• Epidemiologi Penyakit Menular Hepatitis B

    Oleh:
    Elvany R. Fallo & Alci Y. Beti
    (Mahasiswa Jurusan IKM Fakultas Kesehatan Masyarakat, Undana Kupang)





    BAB I
    PENDAHULUAN

    1.1 Latar Belakang
    Hati merupakan salah satu organ terpenting dalam tubuh manusia. Fungsi hati diantaranya adalah memproduksi cairan empedu yang dapat membantu pencernaan lemak , menyimpan karbohidrat, memproduksi senyawa penting dalam pembekuan darah, serta menghilangkan racun dari tubuh. Organ ini sangat tangguh bahkan bisa tetap bekerja walau sedang mengalami kerusakan dan mampu terus beregenerasi ( memperbaiki diri) selama tidak mengalami kerusakan yang parah. Salah satu infeksi serius yang dapat menyerang hati adalah hepatitis B.
    Organisasi kesehatan dunia (WHO) memperkirakan bahwa infeksi virus hepatitis B merupakan penyebab lebih dari 780.000 kematian setiap tahunnya di seluruh dunia.
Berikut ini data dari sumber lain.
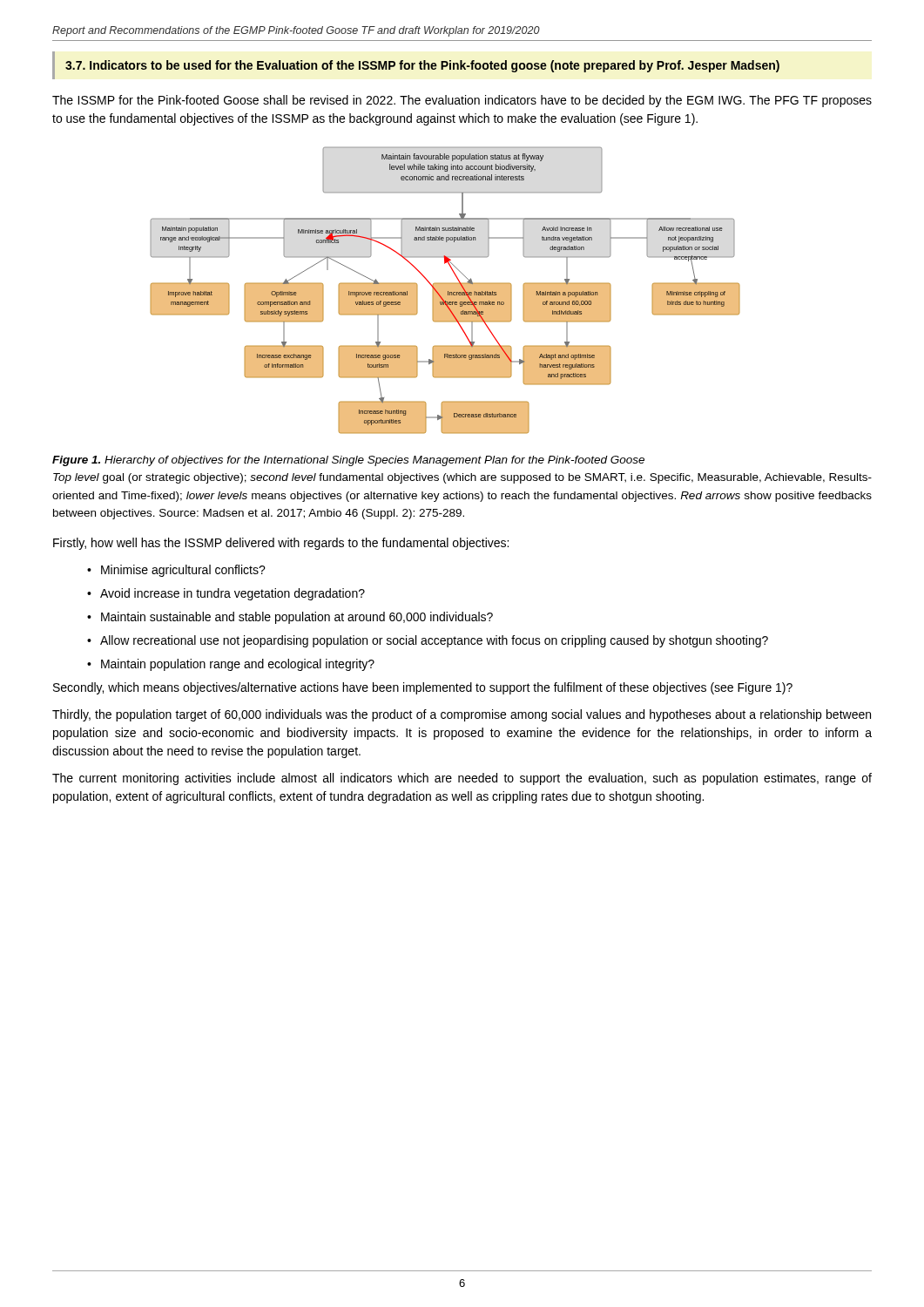Click where it says "• Avoid increase in tundra vegetation degradation?"
The image size is (924, 1307).
coord(226,594)
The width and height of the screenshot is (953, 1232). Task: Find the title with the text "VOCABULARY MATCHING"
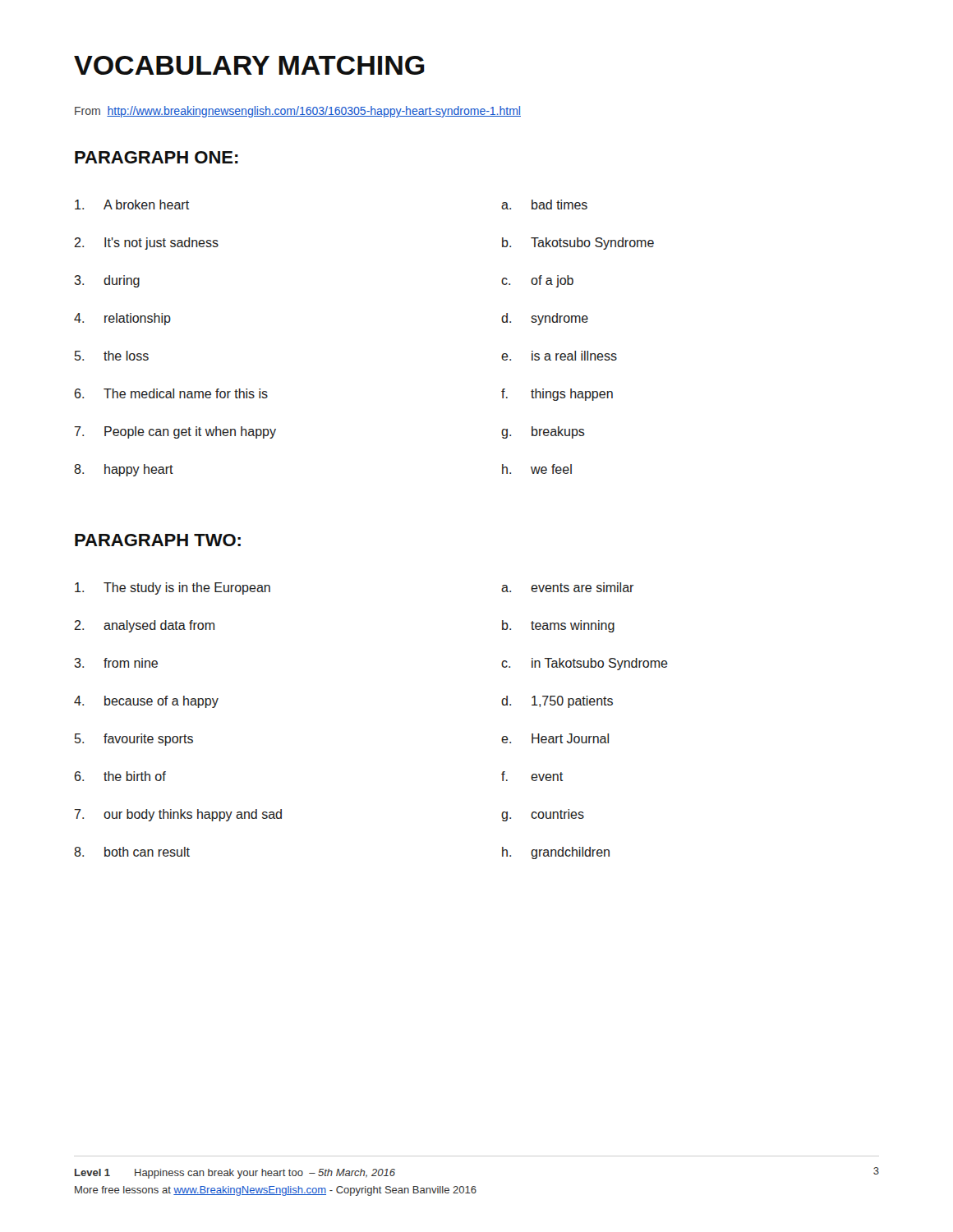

Di indonesia sendiri, hasil riset kesehatan dasar tahun 2007 menunjukan bahwa prevelensi hepatitis B sebesar 9,4%. Hal ini berarti 1 dari 10 penduduk indonesia terinfeksi hepatitis B, sayangnya hanya satu dari 5 penderita hepatitis B di indonesia yang sadar bahwa mereka menderita penyakit itu.
    1.2 Rumusan Masalah
    Apa yang dimaksud dengan Penyakit Hepatiti B?
    Bagaimana cara pengobatan dan cara pencegahan penyakit Hepatitis B?
    Berapa lama masa inkubasi penyait Hepatitis B ?
    Bagaimana distribusi penyakit tersebut di dunia, Indonesia dan di NTT berdasarkan orang, waktu dan tempat ?
    1.3 Tujuan Penulisan
    Untuk mengetahui apa yang di maksud dengan Penyakit Hepatitis B
    Untuk mengetahui bagaimana cara pengobatan dan cara pencegahan penyakit tersebut
    Untuk mengetahui distribusi penyakit Hepatitis B di dunia, Indonesia, dan di NTT
    Untuk memenuhi tugas dari dosen Mata kuliah Epidemiologi Penyakit Menular






    BAB II
    PEMBAHASAN

    2.1 Penyakit Hepatitis B
     Hepatitis merupakan istilah yang digunakan untuk semua jenis peradangan pada sel – sel hati, yang disebabkam oleh infeksi (virus, bakteri, parasite). Ada 5 jenis hepatitis yang disebabkan oleh virus yaitu Hepatitis A, B, C, D, dan E, yang akan dibahas di makalah ini adalah Hepatitis B.
    Hepatitis B adalah suatu penyakit hati yang disebabkan oleh virus Hepatitis B, yang merupakan suatu anggota famili hepadnavirus yang dapat menyebabkan peradangan hati akut atau kronis yang dapat berlanjut menjadi sirosis hati atau kanker hati. Hepatitis B akut jika perjalanan penyakit kurang dari 6 bulan sedangkan Hepatitis B kronis bila penyakit menetap, tidak menyembuh secara klinis atau laboratorium atau pada gambaran patologi anatomi selama 6 bulan (Mustofa & Kurniawaty, 2013).
    A. Agent Penyakit Hepatitis B
    Penyakit hepatitis B disebabkan oleh infeksi bernama Hepadnaviridae virus. Virus yang ini merupakan virus DNA, yang berarti bahwa virus ini adalah material genetika yang diciptakan oleh asam deoksiribonukleat.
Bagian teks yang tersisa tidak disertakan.